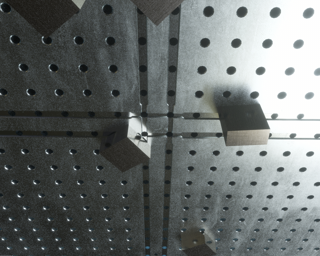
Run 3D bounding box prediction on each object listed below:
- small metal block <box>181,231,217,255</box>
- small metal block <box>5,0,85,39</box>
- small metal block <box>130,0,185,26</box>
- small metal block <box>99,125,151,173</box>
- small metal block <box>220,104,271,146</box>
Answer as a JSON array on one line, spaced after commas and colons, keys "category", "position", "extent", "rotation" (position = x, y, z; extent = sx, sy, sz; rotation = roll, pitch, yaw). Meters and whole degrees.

Problem to work on: Reproduce the lines of the entries above from the one with "- small metal block <box>5,0,85,39</box>" to the one with "- small metal block <box>220,104,271,146</box>", both included, exactly and without any other line.

Solution for this problem:
- small metal block <box>5,0,85,39</box>
- small metal block <box>130,0,185,26</box>
- small metal block <box>99,125,151,173</box>
- small metal block <box>220,104,271,146</box>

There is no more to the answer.